The new OpenTelemetry standard for distributed tracing data collection has been key to many vendors' ability to broaden their scope and offer distributed tracing support, where before that had been left to APM specialists.
"The enthusiasm around OpenTelemetry is indicative that people want the data collection layer standardized and simplified," Gohring said. "Historically, many log and infrastructure monitoring vendors didn't get into APM because of distributed tracing, but as OpenTelemetry evolves, it will allow a new set of vendors to get into that area as well."

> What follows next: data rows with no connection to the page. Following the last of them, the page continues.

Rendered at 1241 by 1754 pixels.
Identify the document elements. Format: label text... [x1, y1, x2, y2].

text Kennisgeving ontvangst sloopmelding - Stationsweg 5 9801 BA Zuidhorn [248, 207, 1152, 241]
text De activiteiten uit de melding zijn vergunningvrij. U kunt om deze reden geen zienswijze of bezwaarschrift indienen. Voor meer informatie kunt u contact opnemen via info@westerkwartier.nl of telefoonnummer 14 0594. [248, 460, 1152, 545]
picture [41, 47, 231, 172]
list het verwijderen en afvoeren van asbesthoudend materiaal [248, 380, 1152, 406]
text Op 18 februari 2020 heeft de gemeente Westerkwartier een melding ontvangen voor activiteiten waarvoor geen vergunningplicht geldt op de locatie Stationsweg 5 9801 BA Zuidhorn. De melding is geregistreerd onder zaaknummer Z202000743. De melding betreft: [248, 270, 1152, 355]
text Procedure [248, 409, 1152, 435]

This shift will also mean the focus of competition between vendors moves from data collection methods to back-end data analytics. This is a selling point for Grafana Tempo, which uses the same relatively low-cost storage as Loki and Grafana's time-series database project Prometheus, Seniorlink's Swanson said.

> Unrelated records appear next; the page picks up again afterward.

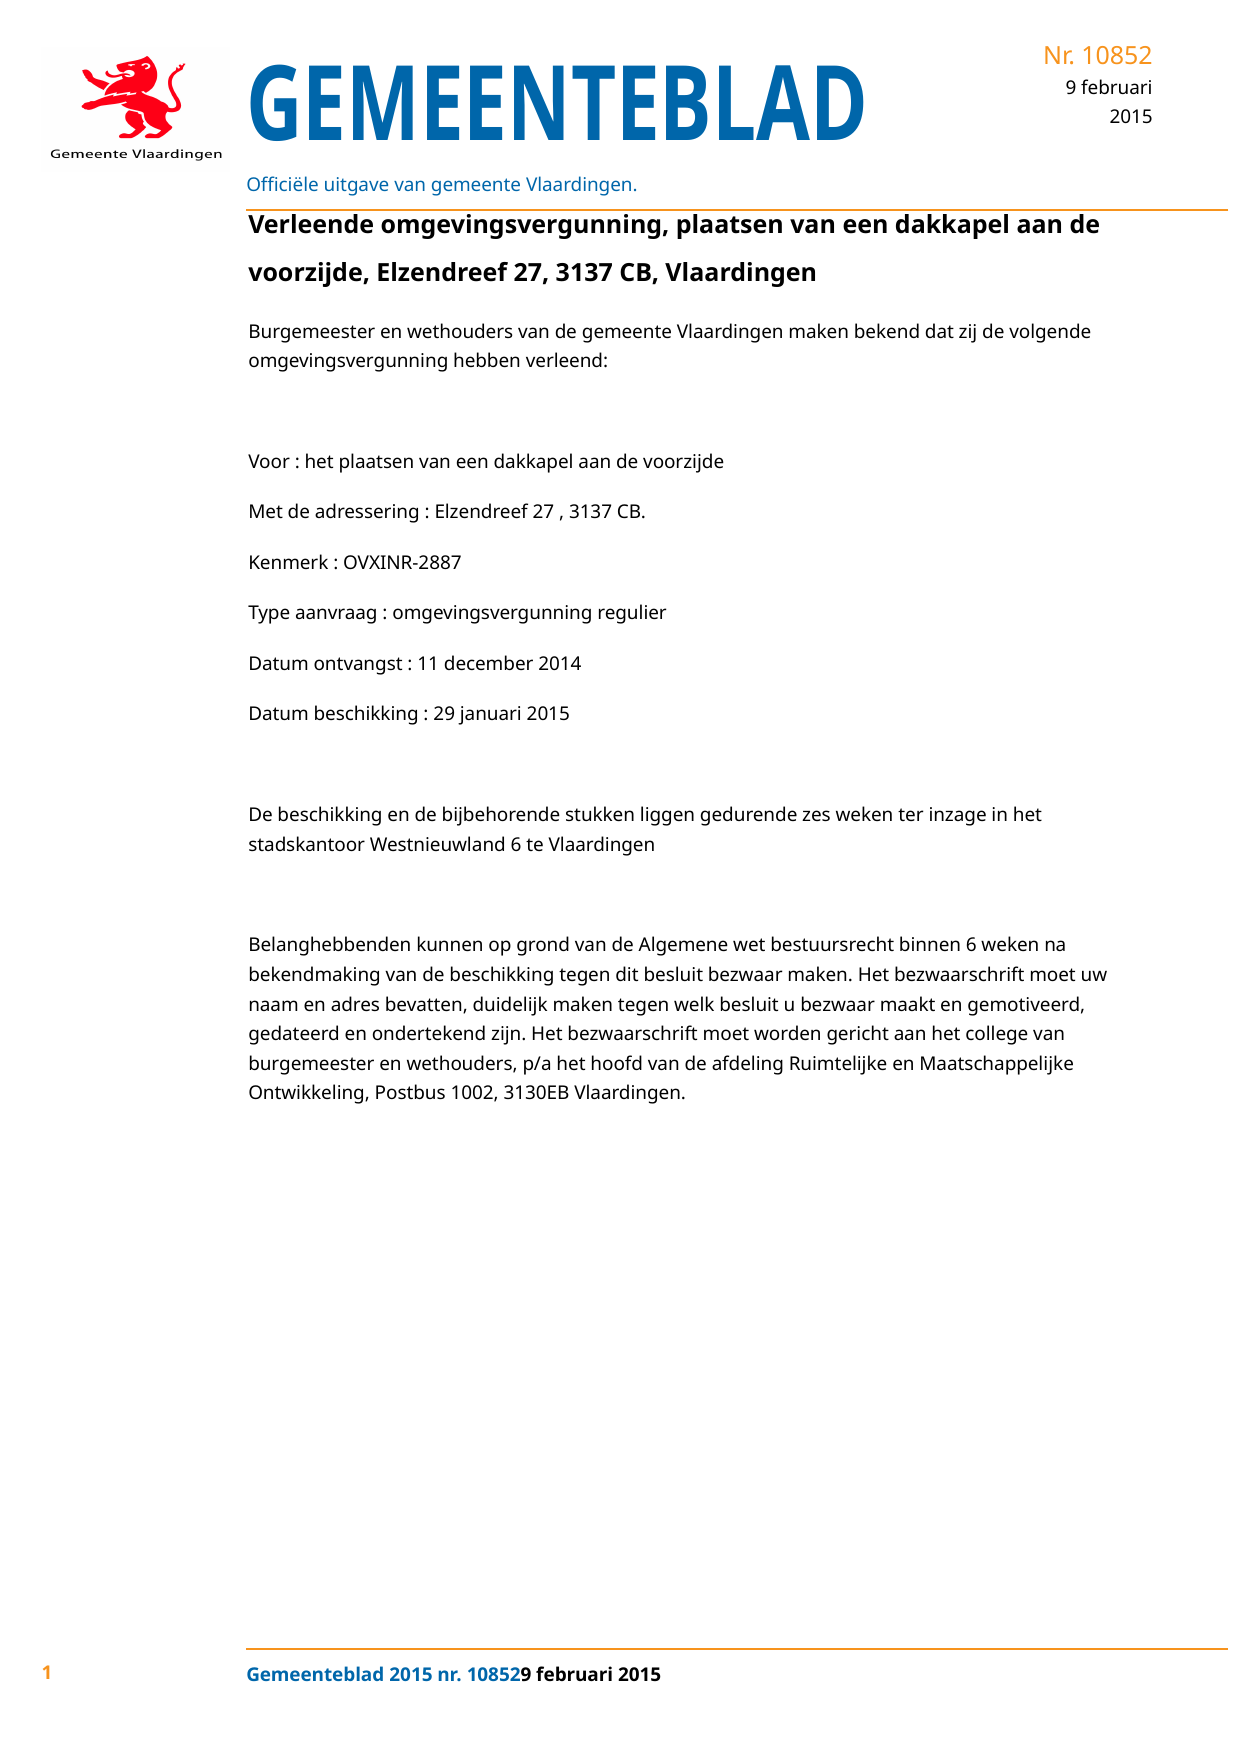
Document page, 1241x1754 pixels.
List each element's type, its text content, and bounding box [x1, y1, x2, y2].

text Kenmerk : OVXINR-2887 [248, 549, 1152, 575]
text Voor : het plaatsen van een dakkapel aan de voorzijde [248, 448, 1152, 474]
picture [41, 47, 231, 172]
text Belanghebbenden kunnen op grond van de Algemene wet bestuursrecht binnen 6 weken na bekendmaking van de beschikking tegen dit besluit bezwaar maken. Het bezwaarschrift moet uw naam en adres bevatten, duidelijk maken tegen welk besluit u bezwaar maakt en gemotiveerd, gedateerd en ondertekend zijn. Het bezwaarschrift moet worden gericht aan het college van burgemeester en wethouders, p/a het hoofd van de afdeling Ruimtelijke en Maatschappelijke Ontwikkeling, Postbus 1002, 3130EB Vlaardingen. [248, 932, 1152, 1105]
text Burgemeester en wethouders van de gemeente Vlaardingen maken bekend dat zij de volgende omgevingsvergunning hebben verleend: [248, 318, 1152, 373]
text De beschikking en de bijbehorende stukken liggen gedurende zes weken ter inzage in het stadskantoor Westnieuwland 6 te Vlaardingen [248, 801, 1152, 857]
text Met de adressering : Elzendreef 27 , 3137 CB. [248, 499, 1152, 524]
text Datum beschikking : 29 januari 2015 [248, 700, 1152, 726]
text Verleende omgevingsvergunning, plaatsen van een dakkapel aan de voorzijde, Elzendreef 27, 3137 CB, Vlaardingen [248, 211, 1152, 288]
text Datum ontvangst : 11 december 2014 [248, 650, 1152, 676]
text Type aanvraag : omgevingsvergunning regulier [248, 599, 1152, 625]
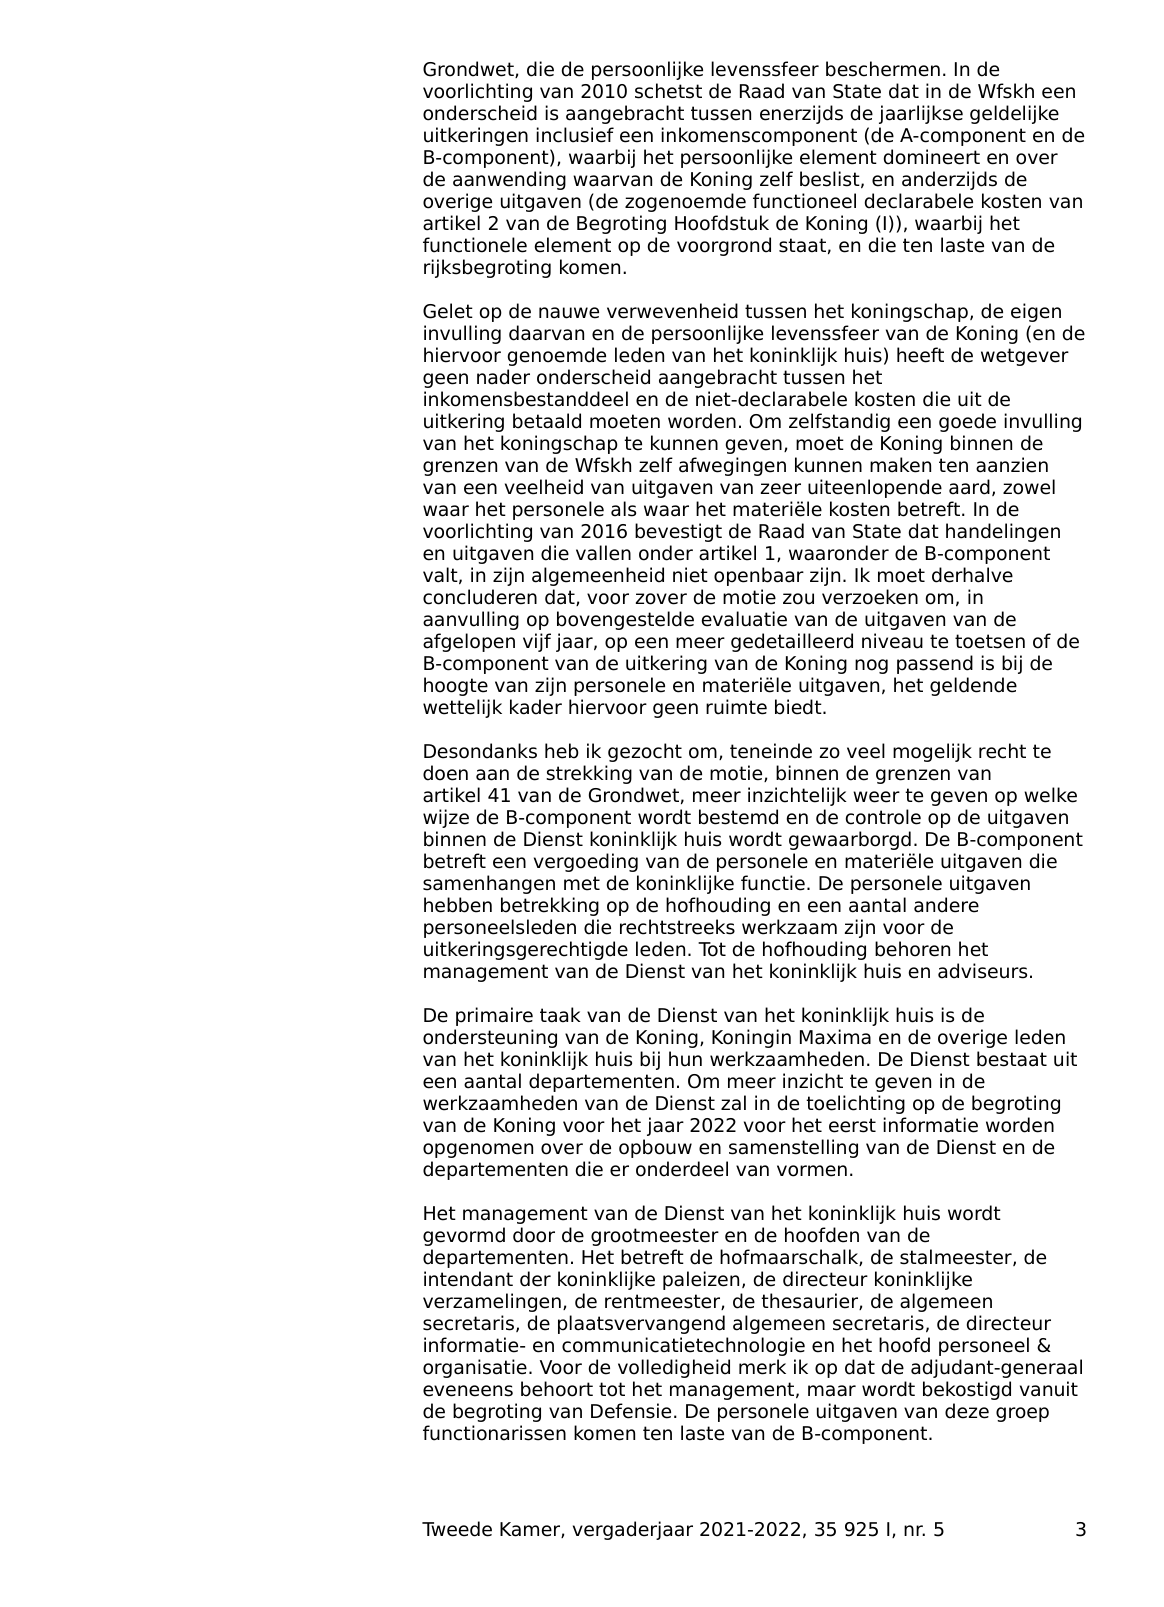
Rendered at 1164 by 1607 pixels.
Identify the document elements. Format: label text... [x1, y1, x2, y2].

"I still have to instrument [applications] to use it, but [Grafana] solved the 'back end' side of the tracing, since those typically used something like Cassandra or Elasticsearch to store the data," Swanson said.
Grafana also has the advantage of experience serving as a front end for other open source data collection tools such as Jaeger and Zipkin. Its support for Prometheus, long used for monitoring Kubernetes, also points in its favor as a centralized observability tool as his company's infrastructure evolves, Swanson said.
Amid this flurry of product releases, enterprise IT teams that previously used many monitoring tools may be able to consolidate them into a single product that offers a multi-dimensional view of log, metric, event and tracing data, but the choice may still be a complex one at first, Gohring said.
"Things could get even more complicated for end users, because there's going to be even more choice," she said. "But ultimately, it should be a good thing … users want to reduce the number of tools they're using, and they don't want to have to do the work of all the integration that allows you to bring all this data together -- eventually they may be able to whittle down to just their favorite tool."